Without including any images, reproduce each entry exactly.

Start of Available data

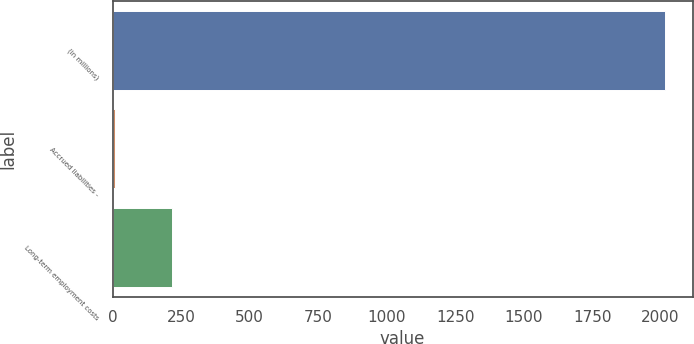Convert chart to OTSL. <chart><loc_0><loc_0><loc_500><loc_500><bar_chart><fcel>(in millions)<fcel>Accrued liabilities -<fcel>Long-term employment costs<nl><fcel>2016<fcel>10<fcel>217<nl></chart> 
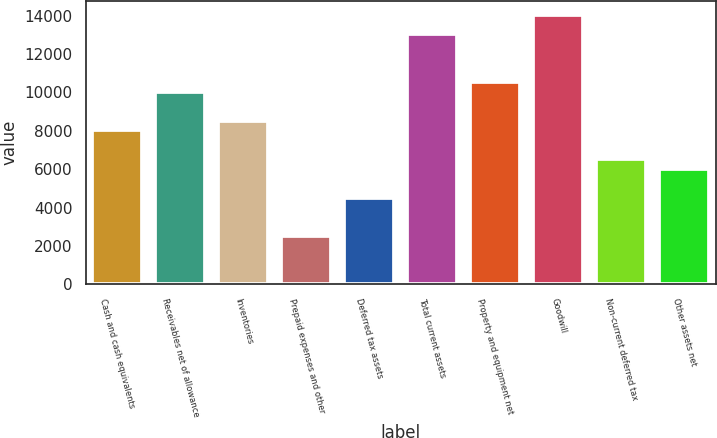Convert chart. <chart><loc_0><loc_0><loc_500><loc_500><bar_chart><fcel>Cash and cash equivalents<fcel>Receivables net of allowance<fcel>Inventories<fcel>Prepaid expenses and other<fcel>Deferred tax assets<fcel>Total current assets<fcel>Property and equipment net<fcel>Goodwill<fcel>Non-current deferred tax<fcel>Other assets net<nl><fcel>8032.9<fcel>10040.9<fcel>8534.9<fcel>2510.9<fcel>4518.9<fcel>13052.9<fcel>10542.9<fcel>14056.9<fcel>6526.9<fcel>6024.9<nl></chart> 
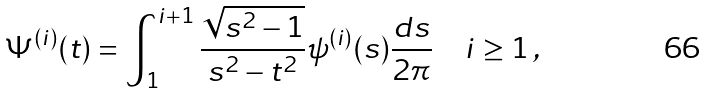Convert formula to latex. <formula><loc_0><loc_0><loc_500><loc_500>\Psi ^ { ( i ) } ( t ) = \int _ { 1 } ^ { i + 1 } \frac { \sqrt { s ^ { 2 } - 1 } } { s ^ { 2 } - t ^ { 2 } } \psi ^ { ( i ) } ( s ) \frac { d s } { 2 \pi } \quad i \geq 1 \, ,</formula> 
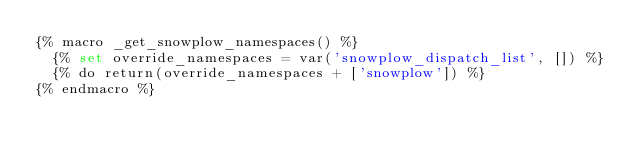Convert code to text. <code><loc_0><loc_0><loc_500><loc_500><_SQL_>{% macro _get_snowplow_namespaces() %}
  {% set override_namespaces = var('snowplow_dispatch_list', []) %}
  {% do return(override_namespaces + ['snowplow']) %}
{% endmacro %}
</code> 
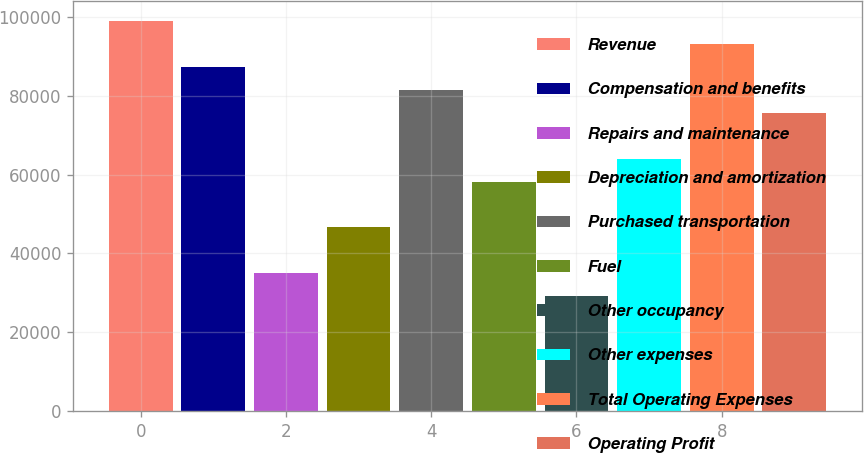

End of Available data

**Exercise solution**
Convert chart to OTSL. <chart><loc_0><loc_0><loc_500><loc_500><bar_chart><fcel>(in millions)<fcel>Accrued liabilities -<fcel>Long-term employment costs<nl><fcel>2016<fcel>10<fcel>217<nl></chart> 
Convert chart. <chart><loc_0><loc_0><loc_500><loc_500><bar_chart><fcel>Cash and cash equivalents<fcel>Receivables net of allowance<fcel>Inventories<fcel>Prepaid expenses and other<fcel>Deferred tax assets<fcel>Total current assets<fcel>Property and equipment net<fcel>Goodwill<fcel>Non-current deferred tax<fcel>Other assets net<nl><fcel>8032.9<fcel>10040.9<fcel>8534.9<fcel>2510.9<fcel>4518.9<fcel>13052.9<fcel>10542.9<fcel>14056.9<fcel>6526.9<fcel>6024.9<nl></chart> 
Convert formula to latex. <formula><loc_0><loc_0><loc_500><loc_500>\Psi ^ { ( i ) } ( t ) = \int _ { 1 } ^ { i + 1 } \frac { \sqrt { s ^ { 2 } - 1 } } { s ^ { 2 } - t ^ { 2 } } \psi ^ { ( i ) } ( s ) \frac { d s } { 2 \pi } \quad i \geq 1 \, ,</formula> 
Convert code to text. <code><loc_0><loc_0><loc_500><loc_500><_SQL_>{% macro _get_snowplow_namespaces() %}
  {% set override_namespaces = var('snowplow_dispatch_list', []) %}
  {% do return(override_namespaces + ['snowplow']) %}
{% endmacro %}
</code> 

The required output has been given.